Plenty of charities come into focus, most of which are good and sincere, and outstretched hands are all around us.
Added to the usual stuff this year are the many still in need in Helene-ravaged western North Carolina and so many more struggling in flooded or scorched areas trying desperately to rebuild their lives.
God only knows what tomorrow may bring for them, but given the track record of this past year we’re sadly almost guaranteed that something awful is always around the corner.
Thankfully, millions will do everything they can to help offset the grief.
Those who can will give money, those who can’t will lend their physical efforts or collect clothing or water or canned goods and we’ll all appreciate the fact that their caring knows no boundaries.

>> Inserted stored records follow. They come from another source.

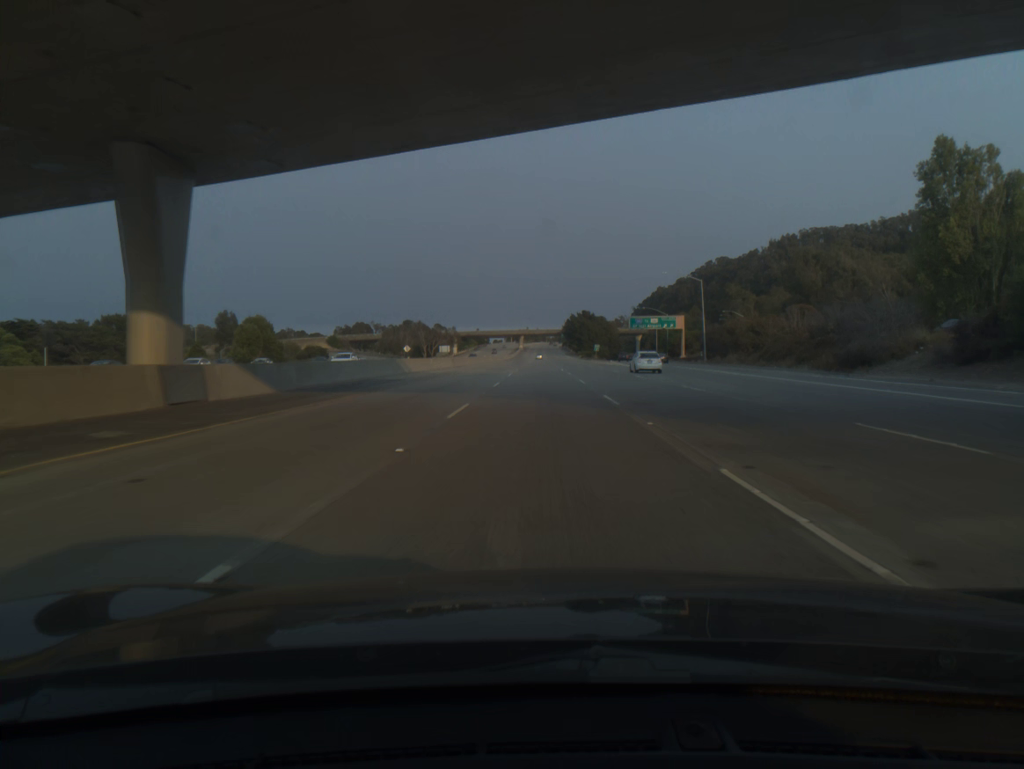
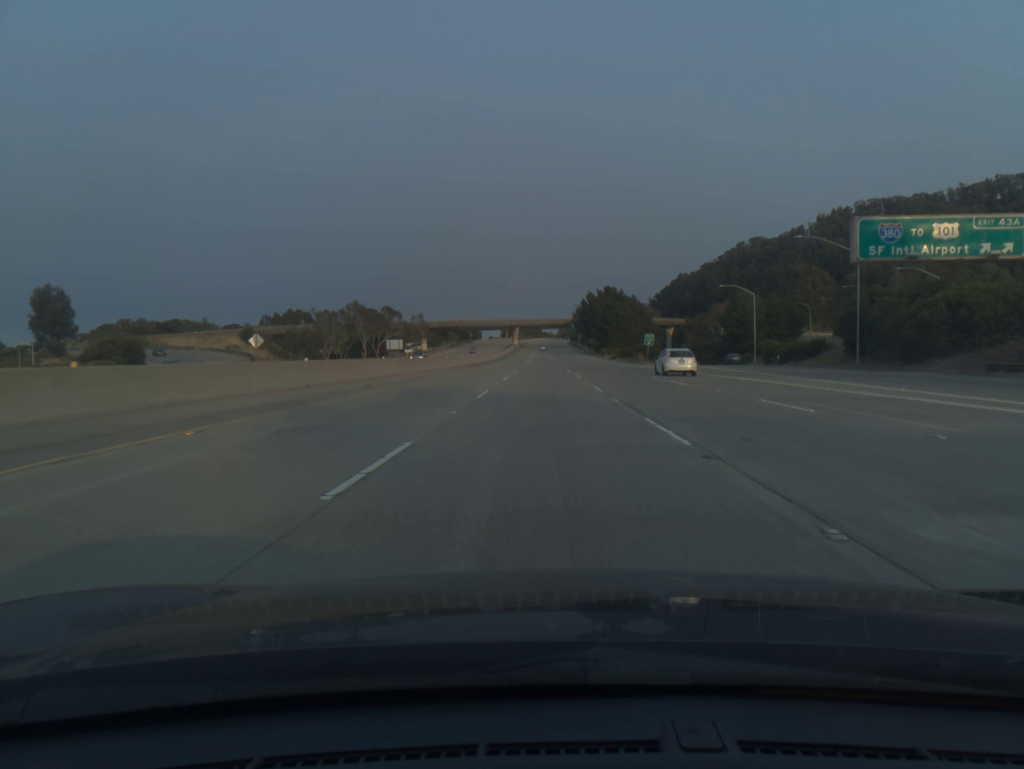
(-0.5, +97.6) m; 0°
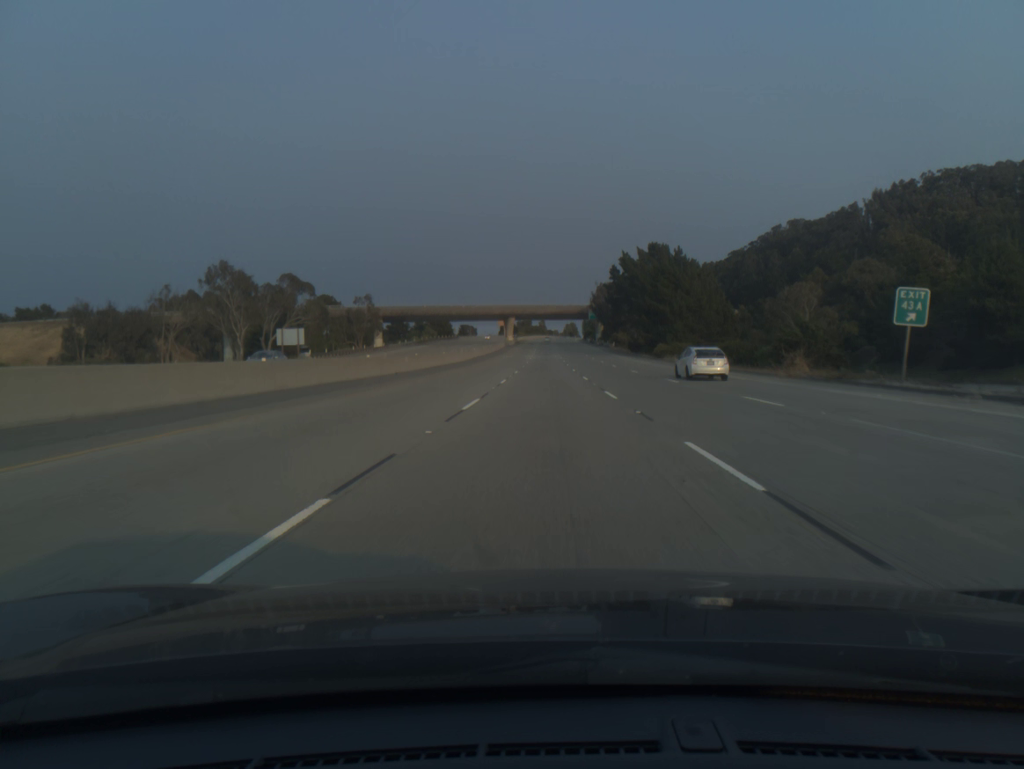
(-0.1, +78.1) m; 0°
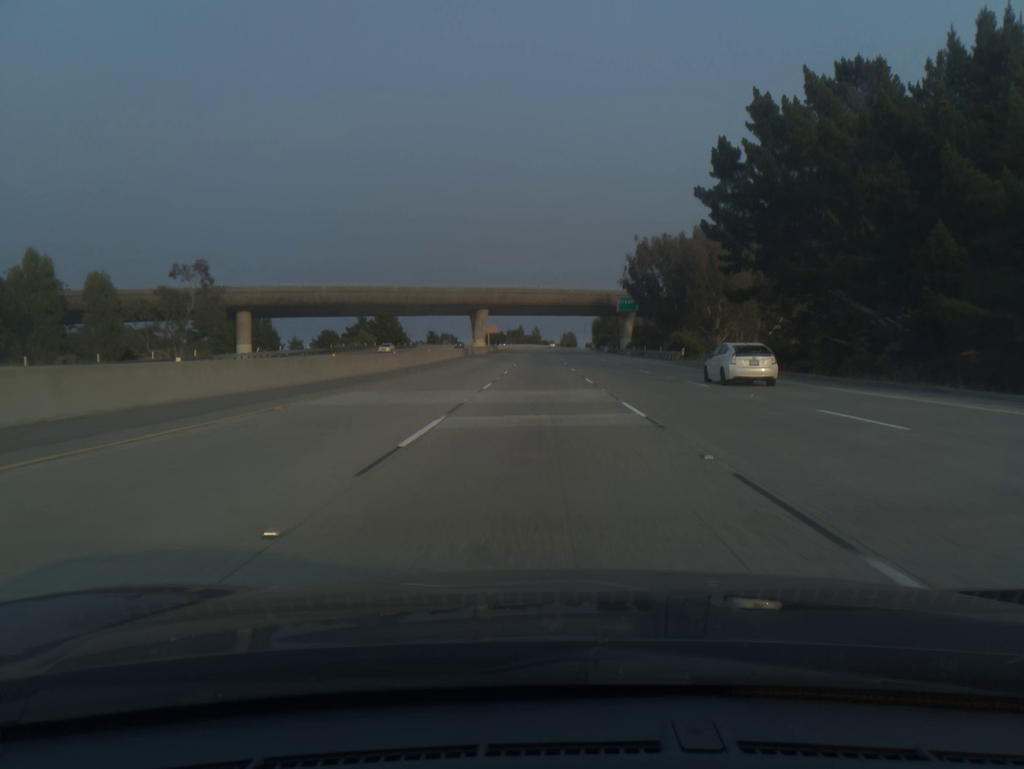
(+0.2, +78.1) m; 0°
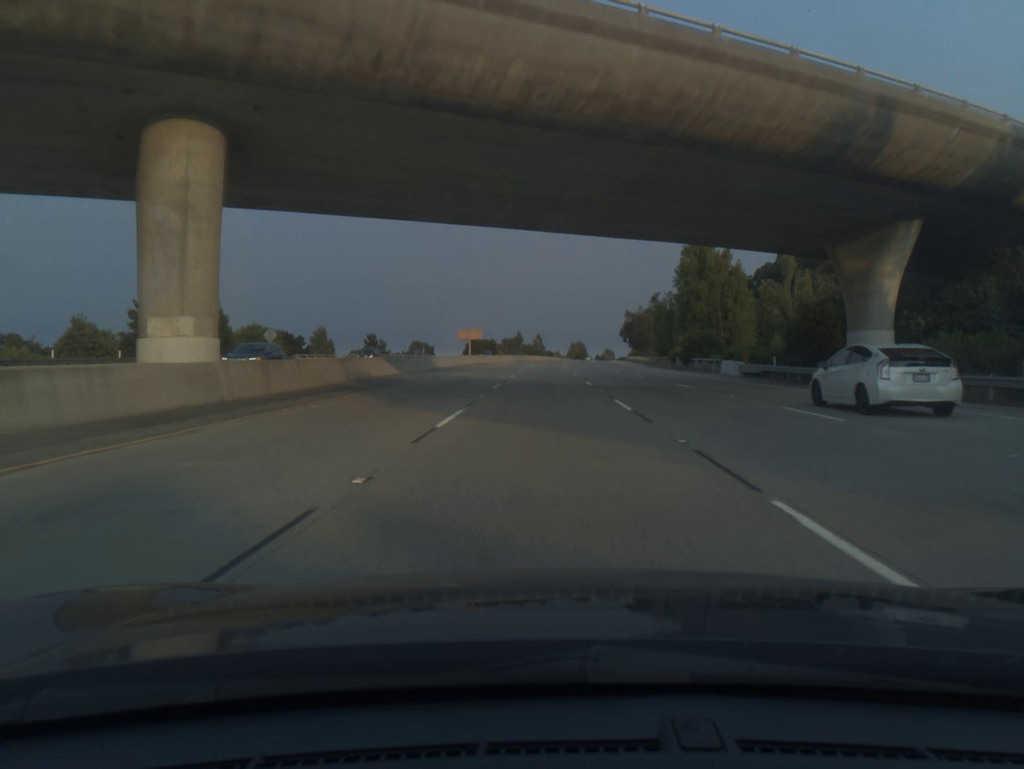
(-0.4, +97.0) m; 0°
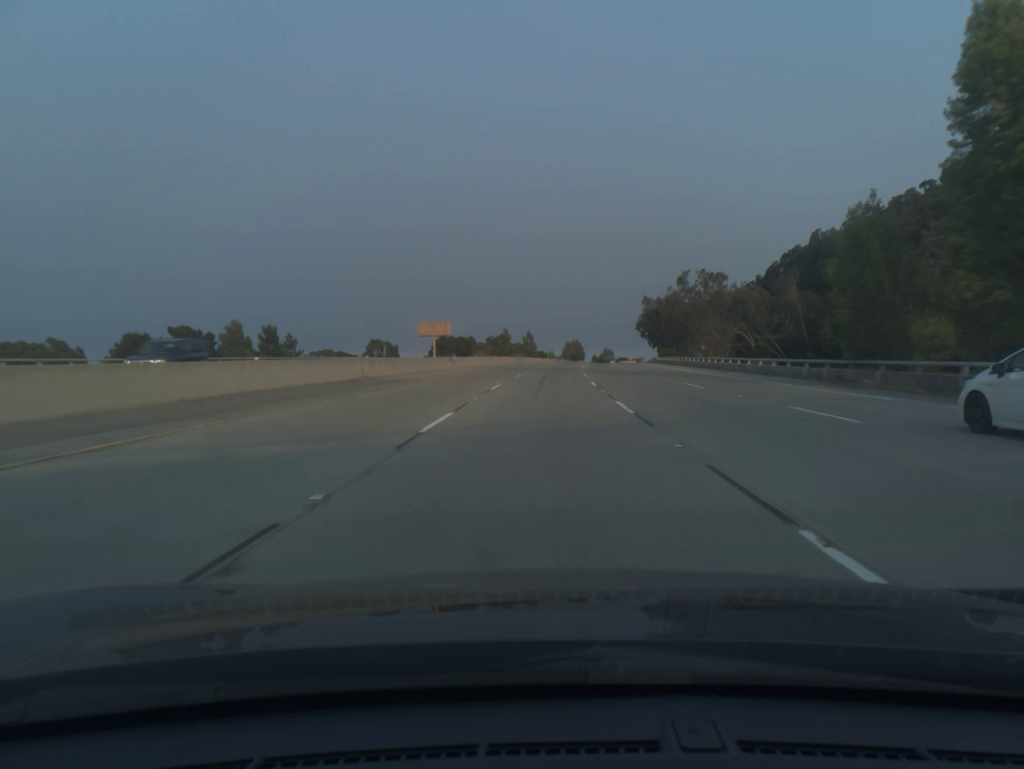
(+0.3, +58.0) m; +1°
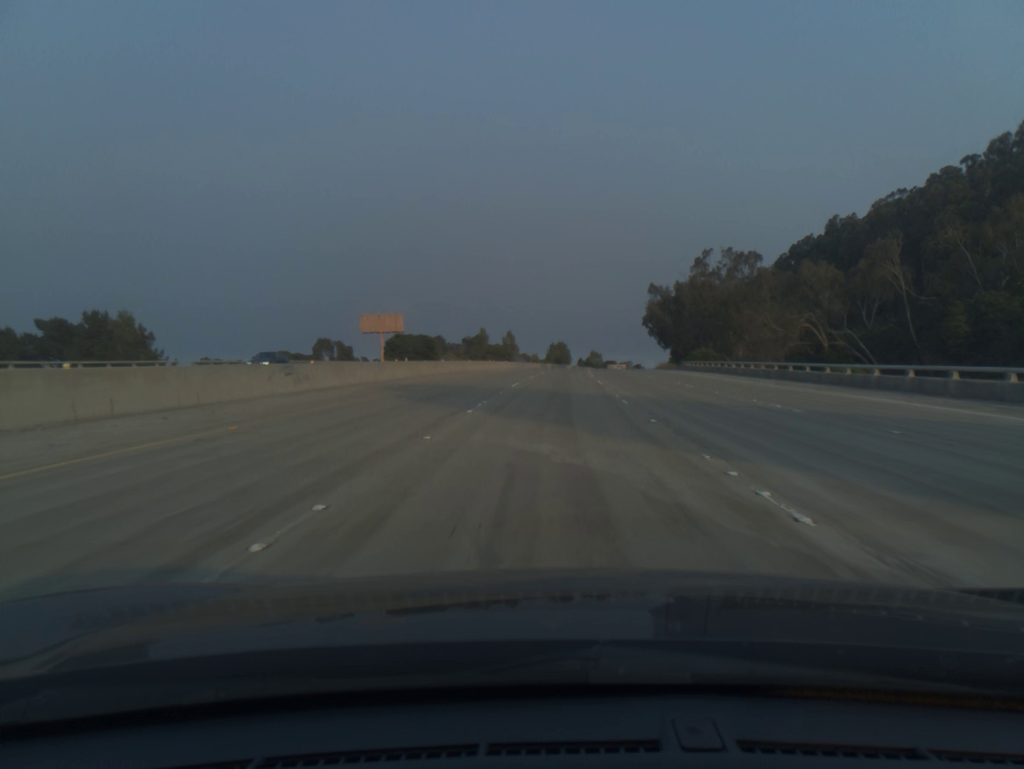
(+0.3, +38.7) m; +1°

Still, there will be many who fall through the cracks. Some by choice, some by chance.
Yes, we know you can’t help somebody who doesn’t want to be helped. More often than not, they’re the ones who end up in the criminal justice system or his or her body is discovered in the woods or under a culvert.
You do what you can. You counsel, you give, you think, you pray, but sometimes it’s not enough and oh, so very many people this year feel like they’re ‘prayed out’.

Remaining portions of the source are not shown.